In this regard, rice paddies have been shown to contribute significantly to global N2O fluxes. In China, for example, total direct N2O emissions are estimated between 32 and 51 Gg N/year, representing 8-11% of the total annual N2O emission from croplands in the country. However, little is known about how such emissions may be altered in the future (if at all) by rising atmospheric CO2. To date, according to Yao et al. (2020) there have been no published field studies using free-air CO2 enrichment (FACE) technology, preventing a proper assessment of the changes in soil N2O fluxes from rice systems under more realistic environmental conditions compared to studies using controlled environment chambers.

To remedy the situation, the team of twelve researchers aggregated and reported on measurements of soil N2O fluxes from two rice FACE studies conducted in subtropical China over the years 2001-2006. The first site, Wuxi (37.62°N, 120.47°E), operated during the years 2001-2003, while the second site, Jiangdu (32.58°N, 119.70°E), was operational from 2004-2006. At both locations the elevated CO2 values were maintained at +200 ppm above ambient and synthetic N fertilizers were applied at a rate of 125-150 or 250-350 kg N/ha, which rates respectively mirrored the upper and lower boundaries of recommended N application for rice cropping systems in the region. In-situ measurements of N2O fluxes were performed throughout the growing season at both locations and are portrayed in the figure below.

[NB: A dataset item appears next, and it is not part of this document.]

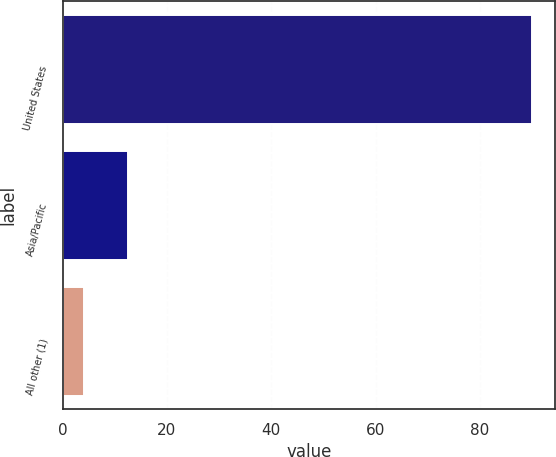Convert chart to OTSL. <chart><loc_0><loc_0><loc_500><loc_500><bar_chart><fcel>United States<fcel>Asia/Pacific<fcel>All other (1)<nl><fcel>90<fcel>12.6<fcel>4<nl></chart> 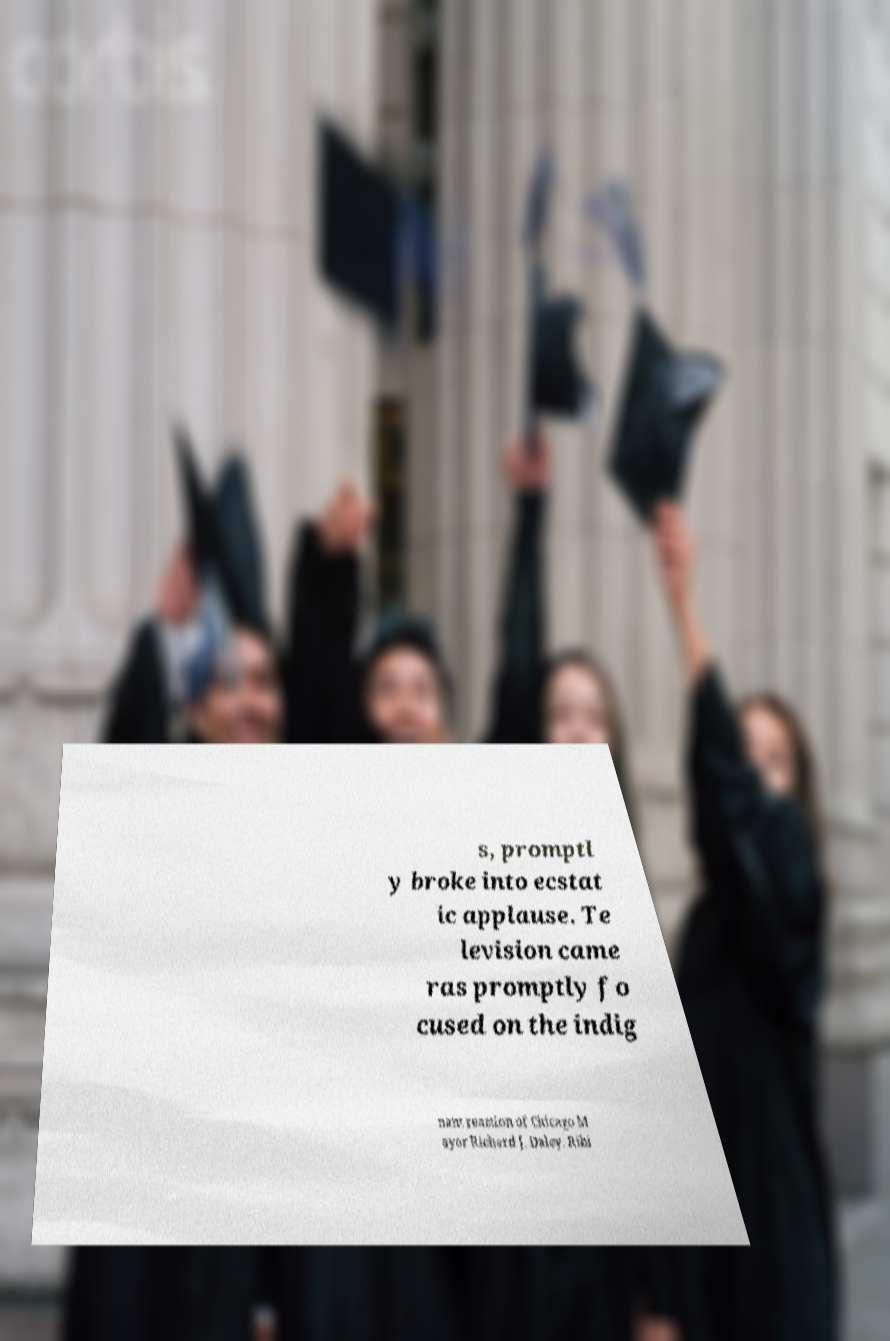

In describing their findings Yao et al. write the data "clearly show that soil N2O emissions from the fertilized rice systems were lower under elevated CO2 as compared to those observed under ambient CO2." This decrease was due to "a sharp reduction in N2O fluxes under elevated CO2 following fertilization and alternate wetting and drying events, but not during the rest of the season." Nevertheless, total emissions during the peak flux episodes contributed some 50-80% of the seasonal cumulative emissions. Consequently, the season-long area-scaled N2O emissions were 23-61% lower under elevated CO2 at the Wuxi rice FACE site and 28-73% lower at Jiangdu.

Commenting on these findings, the authors state that "under common agricultural practice increasing atmospheric CO2 will result in decreasing soil N2O emissions and increasing rice yields in terms of straw and grain." What is more, they add the N2O reductions can be further decreased "by improving water regimes and using alternative fertilization practices such as alternate wetting and drying irrigation schemes, ground cover rice production system and urea deep placement," and by "adopting rice cultivars with potentially strong responses to elevated CO2."

Figure 1. Seasonal variations in nitrous oxide (N2O) fluxes for different nitrogen (N) fertilization treatments (125, 250 or 350 kg N/ha) under elevated CO2 (E) and ambient CO2 (A) conditions during the 2001-2003 rice seasons at the Wuxi FACE site (upper panel) and the 2004-2006 rice seasons at the Jiangdu FACE site (lower panel). AR = wheat straw soil amendment applied at a rate of approximately 2,000 kg C/ha, HR = wheat straw soil amendment applied at a rate of approximately 1,000 kg C/ha. Adapted from Yao et al. (2020).